AUC is mathematically equivalent to the Mann-Whitney U statistic divided by (n₁ × n₂). Specifically:
\[AUC = \frac{U}{n_{positive} \times n_{negative}}\]
This means you can verify the AUC from SPSS by running a Mann-Whitney U test (Appendix: SPSS Tutorial Nonparametric Tests, Part C) on the continuous test variable with group as the grouping variable and dividing U by the product of the two group sizes.
X.5 Troubleshooting
The ROC Curve dialog is grayed out. The ROC Curve procedure requires the Advanced Statistics module. If it is unavailable, use the Mann-Whitney U approach to compute AUC manually (see the callout note in Part D above), or use the Statistical Calculators appendix.
The Risk Estimates table shows Odds Ratio, not Sensitivity/Specificity. SPSS’s Crosstabs Risk Estimates reports relative risk and odds ratios, not diagnostic accuracy statistics. Compute sensitivity, specificity, PPV, NPV, and LRs manually from the cell counts using the Compute Variable formulas in Part C.
NNT confidence interval is very wide or includes negative values.
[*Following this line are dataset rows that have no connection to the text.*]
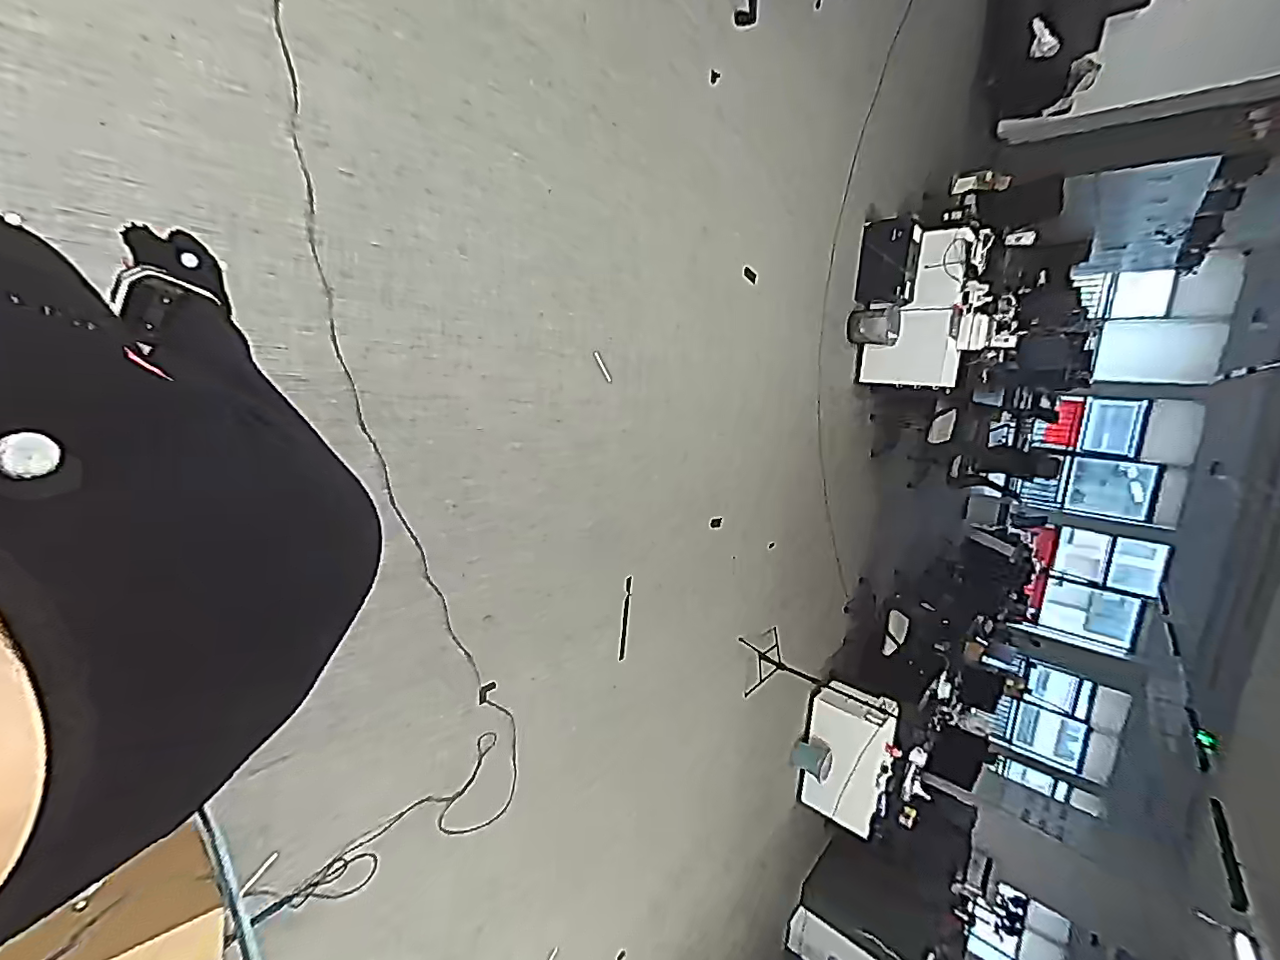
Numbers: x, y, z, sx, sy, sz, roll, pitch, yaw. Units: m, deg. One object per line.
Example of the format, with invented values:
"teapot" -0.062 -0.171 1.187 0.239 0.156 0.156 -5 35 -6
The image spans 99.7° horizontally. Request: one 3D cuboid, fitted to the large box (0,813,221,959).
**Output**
"large box" -1.139 0.981 1.092 0.408 0.320 0.320 -1 101 -51
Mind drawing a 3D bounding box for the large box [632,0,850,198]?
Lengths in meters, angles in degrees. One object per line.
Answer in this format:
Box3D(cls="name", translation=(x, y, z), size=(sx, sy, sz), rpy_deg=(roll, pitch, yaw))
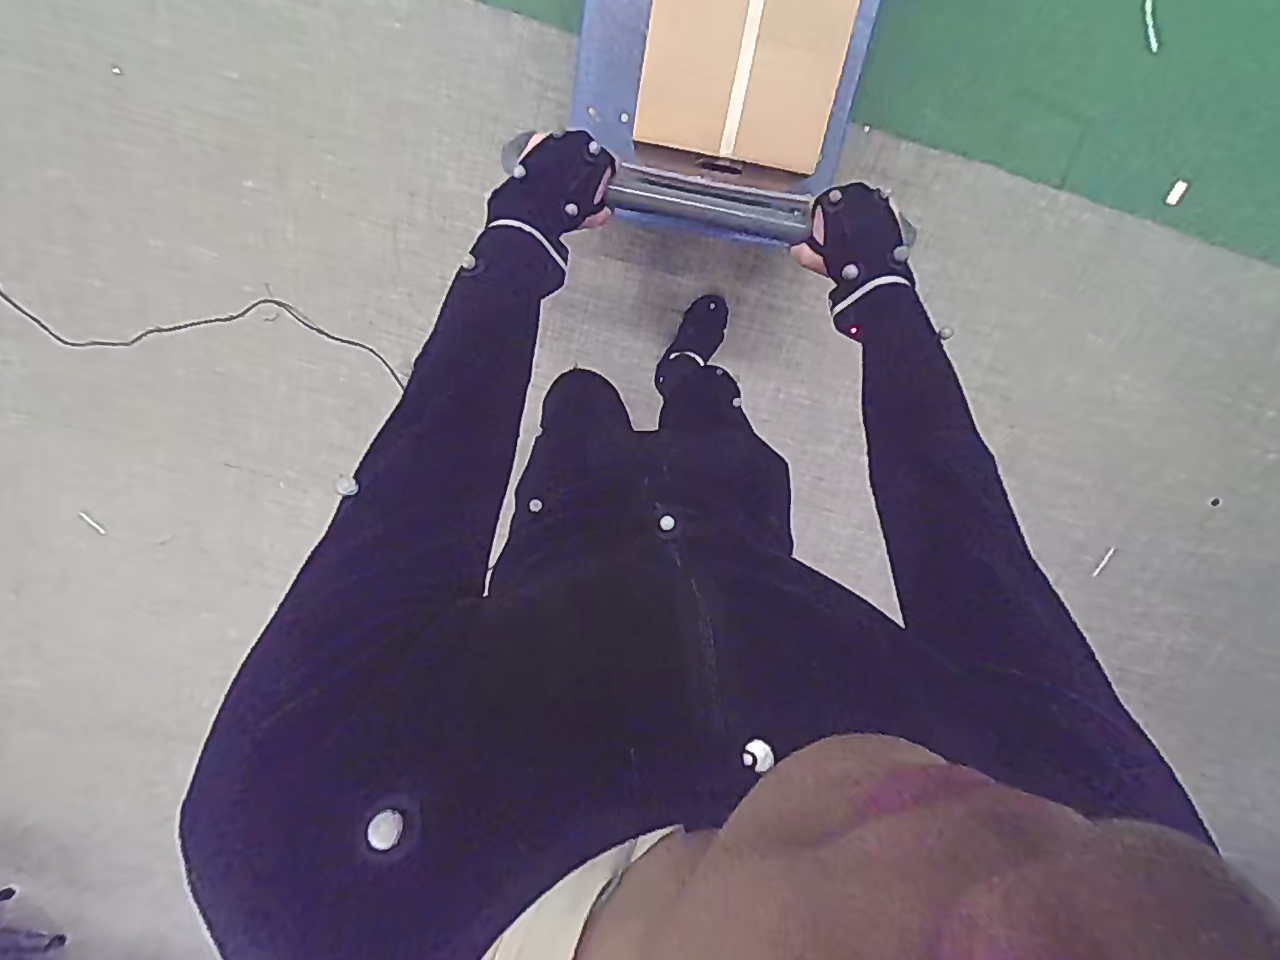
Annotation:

This is expected when the ARR is small and/or the sample size is modest. It means the study does not provide precise enough evidence to pin down how effective the intervention is in terms of responder rates. Report the result transparently and note the uncertainty.
The MCID threshold does not match published values for my outcome measure. The distribution-based MCID (0.5 × SD) is an approximation. If published anchor-based MCIDs exist for your specific outcome measure and population, use those values instead. Always cite the source.
X.6 Practice Exercises
MCID and responders. Using
core_session.sav, compute the distribution-based MCID forpain_0_10(0.5 × SD at pre-test). Classify participants in the training group as responders or non-responders based on this threshold (pain decrease ≥ MCID). What proportion of the training group achieved a clinically meaningful pain reduction?NNT. Using your responder classifications from Exercise 1, compute the responder rates for both groups, then calculate ARR, NNT, and RR. Interpret the NNT in plain language for a clinician.
Sensitivity and specificity. Using
vo2_mlkgminat post-test as a classifier (cut-point = sample median), test how well it discriminates training from control group participants. Compute sensitivity, specificity, PPV, NPV, +LR, and −LR. Is VO₂max a better or worse classifier than post-test strength?ROC curve. Run a ROC analysis on
function_0_100at post-test to discriminate training from control group participants. Report the AUC, 95% CI, and p-value. Identify the optimal cut-point from the Coordinates of the Curve table. How does the AUC for functional ability compare to the AUC for strength (.683)?